Consider the equation $f(n) \equiv 0 \pmod p$, where $f(n)$ is either $n^2 + n + 1$ or $n^2 + 21n + 1$. This is an equation modulo $p$, and let $\epsilon(p)$ be the number of solutions modulo $p$. The equation has at most $2$ solutions modulo $p$ (or in other words, among the first $p$ numbers $0, 1, 2, \dots, p - 1$).

The statement $[p \nmid m]$ is equivalent to $[n^2 + n + 1 \not\equiv 0 \pmod p]$ or in words, that $n$ is not a solution modulo $p$ to the equation $x^2 + x + 1 \equiv 0 \mod p$.

So among the first $kp$ numbers of the form $f(n)$, the number of numbers divisible by $p$ is $k\epsilon(p)$. In other words, a fraction $\epsilon(p)/p$ of numbers of the form $f(n)$ are divisible by $p$.

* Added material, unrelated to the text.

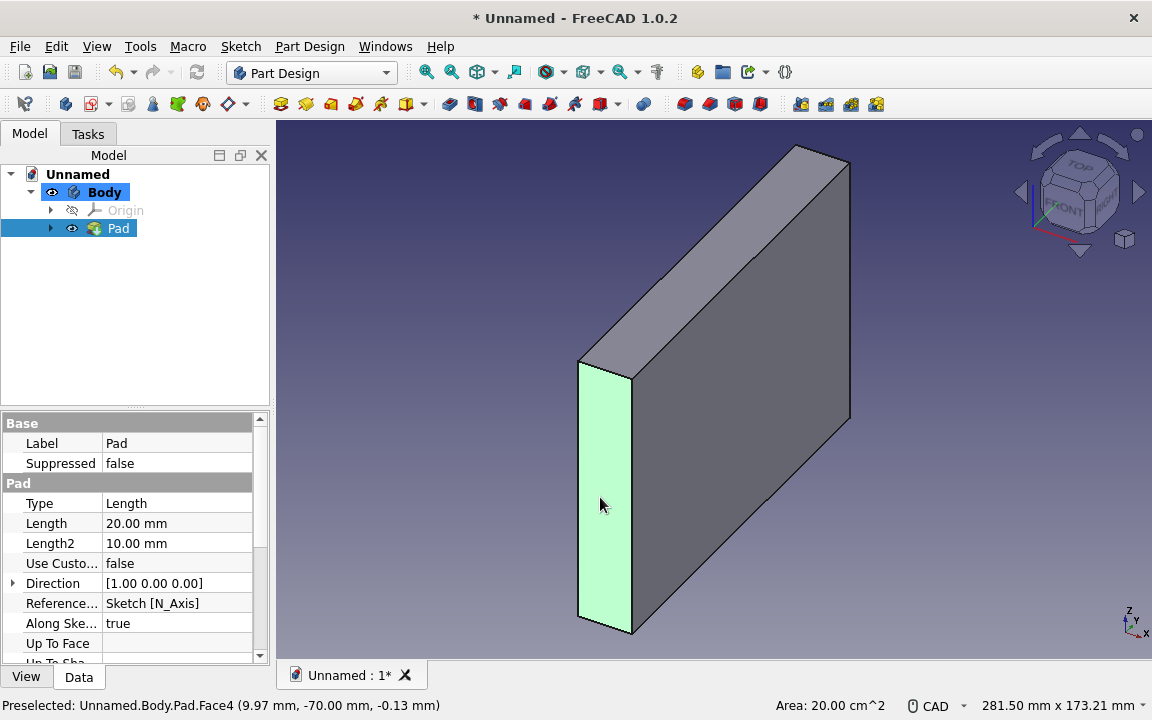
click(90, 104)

Now if we consider the equation $\eqref{eq:sepprimes}$, then, for numbers “near” $m$, then roughly:

  • a fraction $\epsilon(2)/2$ of the numbers are divisible by $2$,
  • a fraction $\epsilon(3)/3$ of the numbers are divisible by $3$,
  • a fraction $\epsilon(5)/5$ of the numbers are divisible by $5$,

etc.

So the fraction of numbers “near” $m$ that are not divisible by any of the primes $2, 3, 5, \dots, P$, where $P = p_{\pi(\sqrt{m})}$, is:

\[(1 - \frac{\epsilon(2)}{2}) (1 - \frac{\epsilon(3)}{3}) (1 - \frac{\epsilon(5)}{5}) \cdots (1 - \frac{\epsilon(P)}{P})\]

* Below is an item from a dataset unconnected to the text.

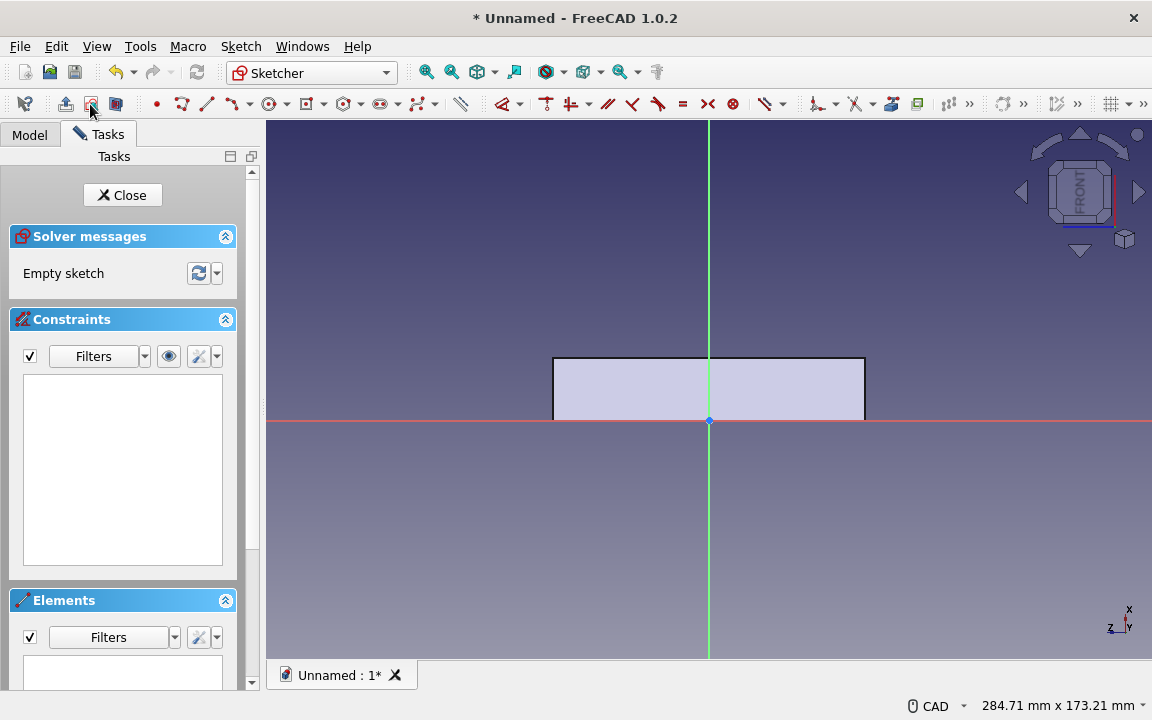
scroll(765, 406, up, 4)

— this is roughly the “probability” that $m$ is prime.

Number of solutions: $n^2 + n + 1$

If $n^2 + n + 1 \equiv 0 \pmod p$, then, assuming $p \neq 2$, we have \(4n^2 + 4n + 4 = (2n + 1)^2 + 3 \equiv 0 \pmod p,\) or in other words $(2n + 1)^2 \equiv -3 \pmod p$. For any solution to $x^2 \equiv -3 \pmod p$, we can solve $2n + 1 \equiv x$ to get $n = 2^{-1}(x - 1)$ (and these solutions are distinct). So the number of solutions to $n^2 + n + 1 \equiv 0 \pmod p$ is the number of solutions to $x^2 \equiv -3 \pmod p$.

If $p = 3$, then this means $x = 0$. For other $p$, we have (see here):

\[\left(\frac{-3}{p}\right) = \left(\frac{-1}{p}\right)\left(\frac{3}{p}\right) = (-1)^{[p \not\equiv 1 \pmod 6]}\]

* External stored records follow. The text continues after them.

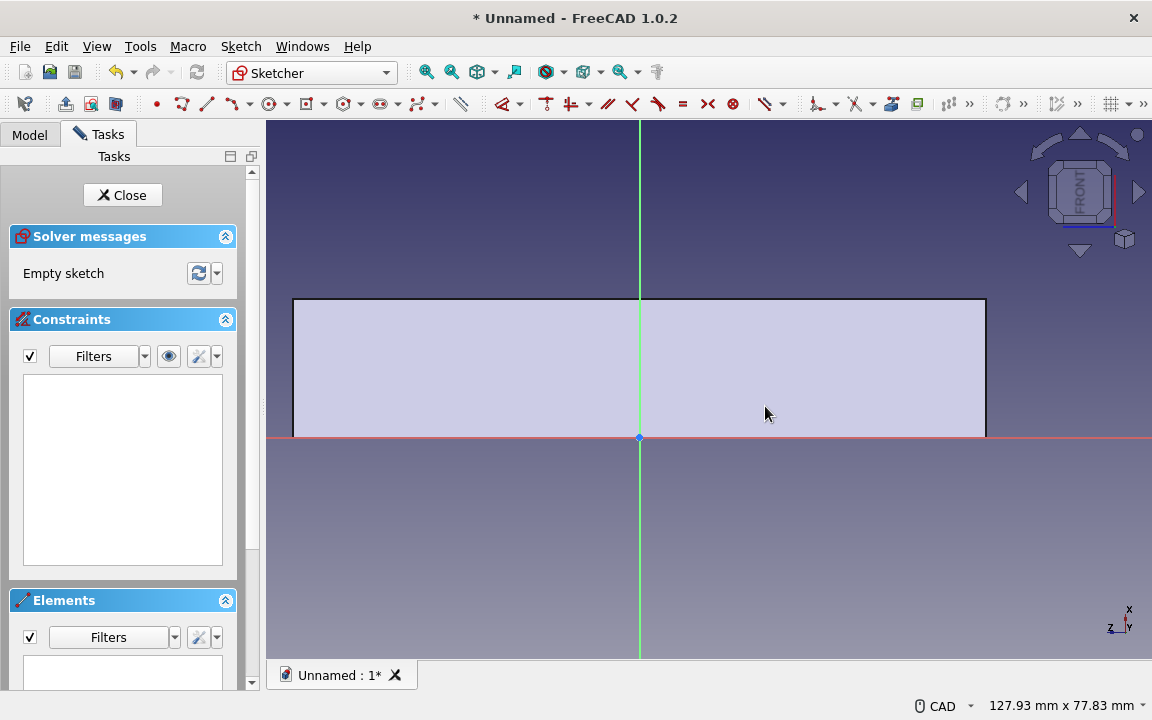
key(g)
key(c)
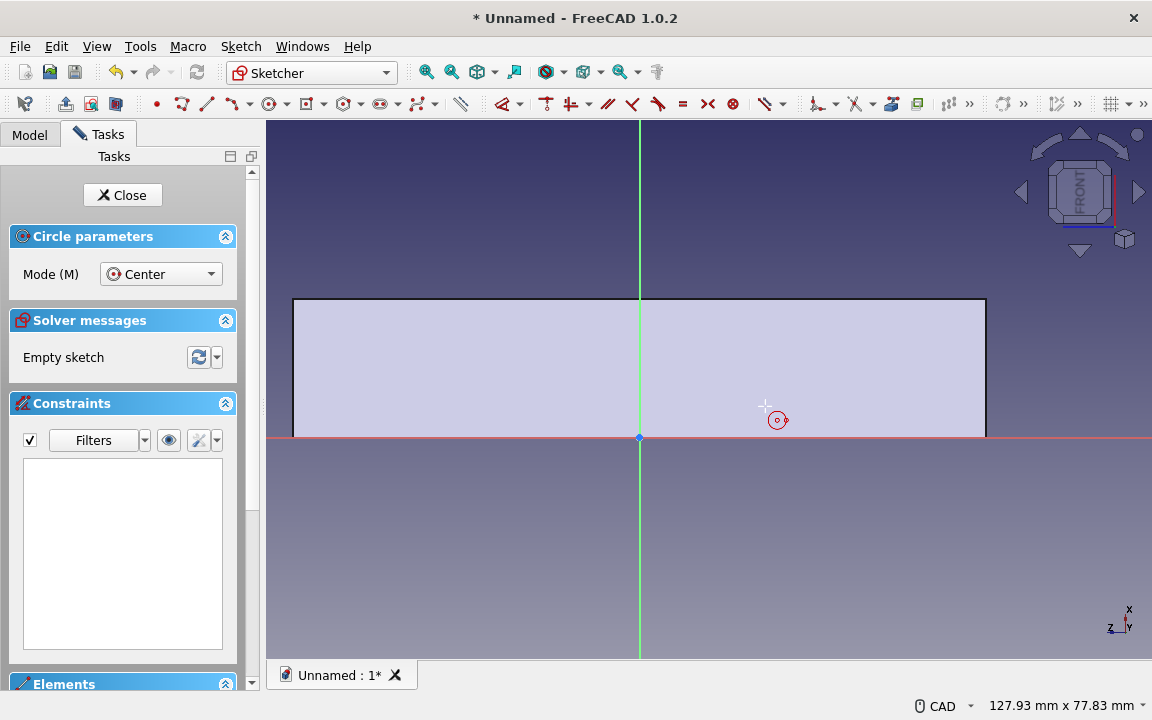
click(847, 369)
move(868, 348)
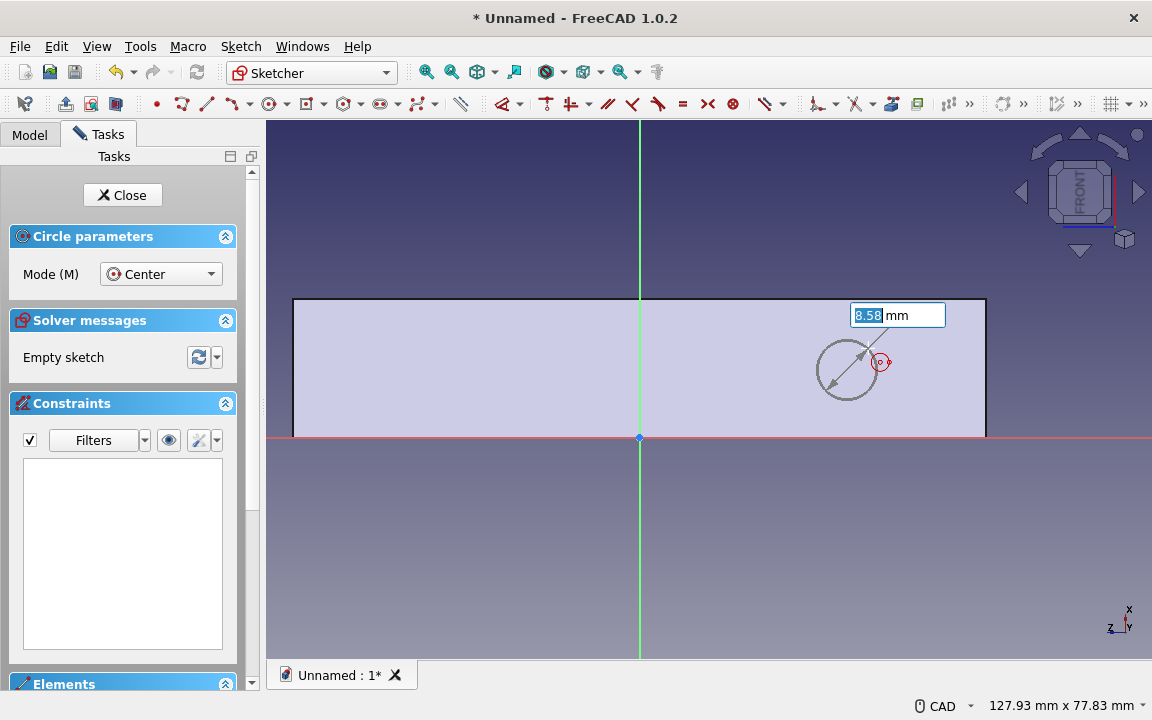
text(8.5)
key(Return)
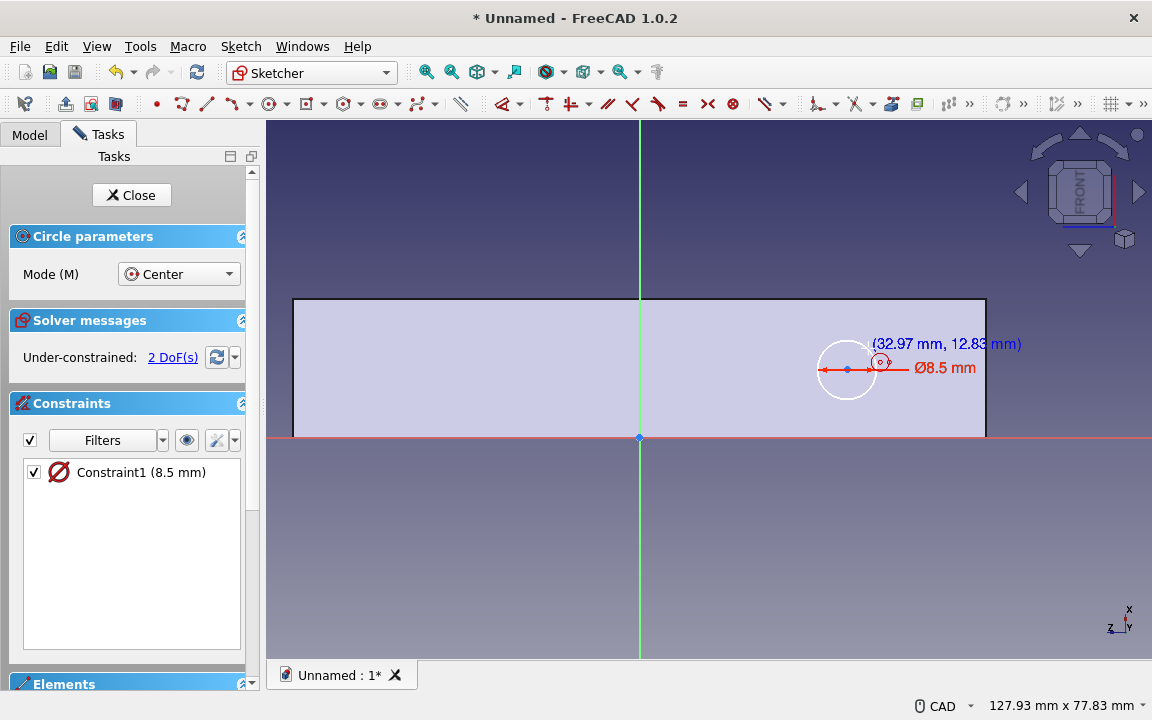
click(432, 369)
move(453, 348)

In other words, the number of solutions to $n^2 + n + 1 \equiv 0 \pmod p$ is:

  • $0$, if $p = 2$,
  • $1$, if $p = 3$,
  • $2$, if $p \equiv 1 \pmod 3$,
  • $0$ otherwise, i.e. if $p \equiv 2 \pmod 3$

So the fraction of numbers of the form $n^2 + n + 1$ not divisible by any of the primes $2, 3, 5, 7, 11, 13, \dots$ is

\[\def\({\big(} \def\){\big)} \(1\)_2 \(\frac23\)_3 \(1\)_5 \(\frac57\)_7 \(1\)_{11} \(\frac{11}{13}\)_{13}\]

Number of solutions: $n^2 + 21n + 1$

For the other polynomial, if $n^2 + 21n + 1 \equiv 0$, then again assuming $p \neq 2$, we have $0 \equiv 4n^2 + (4\cdot21)n + 4 = (2n + 21)^2 - 437$, and for any solution to $x^2 \equiv 437$ we can solve for $n$.

As $437 = 19 \times 23$, we have (for $p \neq 19, 23$),

\[\left(\frac{437}{p}\right) = \left(\frac{19}{p}\right)\left(\frac{23}{p}\right) = (-1)^{(p-1)/2}\left(\frac{p}{19}\right)(-1)^{(p-1)/2}\left(\frac{p}{23}\right)\]

that is, $437$ is a quadratic residue mod $p$ if and only if either $p$ is a quadratic residue modulo both $19$ and $23$, or modulo neither. This means that either

  • $p$ is one of $9$ certain values mod $19$, and one of $11$ certain values mod $23$, so one of $99$ certain values mod $437$, or
  • $p$ is one of $9$ certain values mod $19$, and one of $11$ certain values mod $23$, so one of $99$ certain values mod $437$.

That is, $p$ is one of $99 + 99 = 198$ values mod $437$.

When $p = 19$, we have $2n + 21\equiv 0$ or $n \equiv -1$.

When $p = 23$, we have $2n + 21 \equiv 0$ or $n \equiv 1$.

Putting them together

Now we have a concrete way to count the number of values of $n$ modulo $p$ that are “knocked out” from $f(n)$ being prime, for each prime $p$ and for both functions $f$.